■ **ACTION ITEM**
Determine how many lines in the material below contain the string "Numbers", then state only that count.

- Opening Delimiter -

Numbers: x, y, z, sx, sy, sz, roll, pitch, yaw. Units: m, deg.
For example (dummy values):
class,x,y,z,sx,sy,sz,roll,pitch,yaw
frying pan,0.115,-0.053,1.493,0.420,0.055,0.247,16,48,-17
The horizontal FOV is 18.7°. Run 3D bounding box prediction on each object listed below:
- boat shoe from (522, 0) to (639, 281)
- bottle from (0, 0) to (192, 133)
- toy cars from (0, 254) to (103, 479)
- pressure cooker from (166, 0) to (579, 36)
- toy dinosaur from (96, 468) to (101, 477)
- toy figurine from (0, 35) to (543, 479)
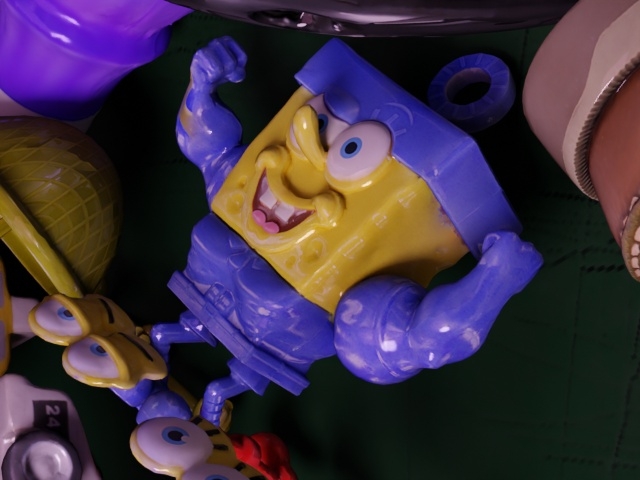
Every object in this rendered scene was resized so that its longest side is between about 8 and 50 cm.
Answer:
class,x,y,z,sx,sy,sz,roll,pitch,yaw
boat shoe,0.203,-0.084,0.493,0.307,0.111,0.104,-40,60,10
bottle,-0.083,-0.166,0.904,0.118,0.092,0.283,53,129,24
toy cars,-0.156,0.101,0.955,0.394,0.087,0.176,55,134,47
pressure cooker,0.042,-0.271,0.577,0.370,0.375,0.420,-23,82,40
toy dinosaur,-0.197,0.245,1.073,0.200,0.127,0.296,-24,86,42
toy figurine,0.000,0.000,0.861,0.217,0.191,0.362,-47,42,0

- Closing Delimiter -
- Opening Delimiter -

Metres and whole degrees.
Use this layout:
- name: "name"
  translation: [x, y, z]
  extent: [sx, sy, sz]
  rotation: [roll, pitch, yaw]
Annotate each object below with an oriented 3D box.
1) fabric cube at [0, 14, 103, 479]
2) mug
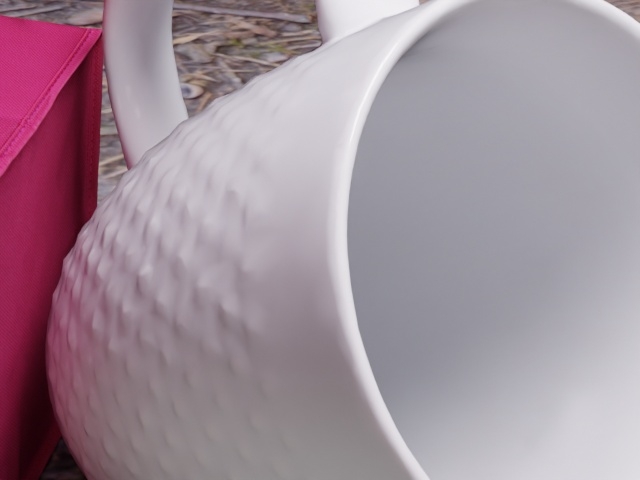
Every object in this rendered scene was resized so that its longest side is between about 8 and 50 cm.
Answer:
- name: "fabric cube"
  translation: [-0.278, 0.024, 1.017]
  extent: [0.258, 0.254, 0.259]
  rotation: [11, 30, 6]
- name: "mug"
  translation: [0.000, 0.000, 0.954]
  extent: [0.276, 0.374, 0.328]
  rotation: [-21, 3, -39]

- Closing Delimiter -
- Opening Delimiter -

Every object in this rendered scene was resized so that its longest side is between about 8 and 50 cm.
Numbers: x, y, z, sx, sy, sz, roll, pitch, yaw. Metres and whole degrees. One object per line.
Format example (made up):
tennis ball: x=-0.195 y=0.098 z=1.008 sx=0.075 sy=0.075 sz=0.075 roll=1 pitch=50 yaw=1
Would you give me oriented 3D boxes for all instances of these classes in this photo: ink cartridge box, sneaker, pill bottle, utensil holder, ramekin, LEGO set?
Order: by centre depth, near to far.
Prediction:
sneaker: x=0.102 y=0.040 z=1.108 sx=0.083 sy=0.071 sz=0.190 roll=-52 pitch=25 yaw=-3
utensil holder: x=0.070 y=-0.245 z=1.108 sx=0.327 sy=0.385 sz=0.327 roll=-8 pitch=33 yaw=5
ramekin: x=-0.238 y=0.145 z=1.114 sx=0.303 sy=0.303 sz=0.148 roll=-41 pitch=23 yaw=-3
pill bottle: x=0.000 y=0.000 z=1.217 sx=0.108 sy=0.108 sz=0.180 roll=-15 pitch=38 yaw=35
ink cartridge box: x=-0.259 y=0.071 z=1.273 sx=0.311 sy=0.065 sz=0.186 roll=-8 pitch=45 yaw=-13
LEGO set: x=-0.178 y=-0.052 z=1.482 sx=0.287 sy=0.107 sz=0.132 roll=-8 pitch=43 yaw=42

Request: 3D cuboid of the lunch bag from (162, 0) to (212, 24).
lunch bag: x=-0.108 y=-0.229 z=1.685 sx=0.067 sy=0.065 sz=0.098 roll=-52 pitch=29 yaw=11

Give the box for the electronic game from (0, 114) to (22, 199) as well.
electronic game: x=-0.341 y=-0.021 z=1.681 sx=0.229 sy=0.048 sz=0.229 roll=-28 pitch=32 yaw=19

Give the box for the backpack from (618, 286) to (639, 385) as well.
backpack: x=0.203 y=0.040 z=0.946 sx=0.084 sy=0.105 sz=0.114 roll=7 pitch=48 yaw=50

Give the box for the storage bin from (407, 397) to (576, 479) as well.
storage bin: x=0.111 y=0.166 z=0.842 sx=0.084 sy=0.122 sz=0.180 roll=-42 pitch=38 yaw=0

- Closing Delimiter -

■ **ANSWER SECTION**
2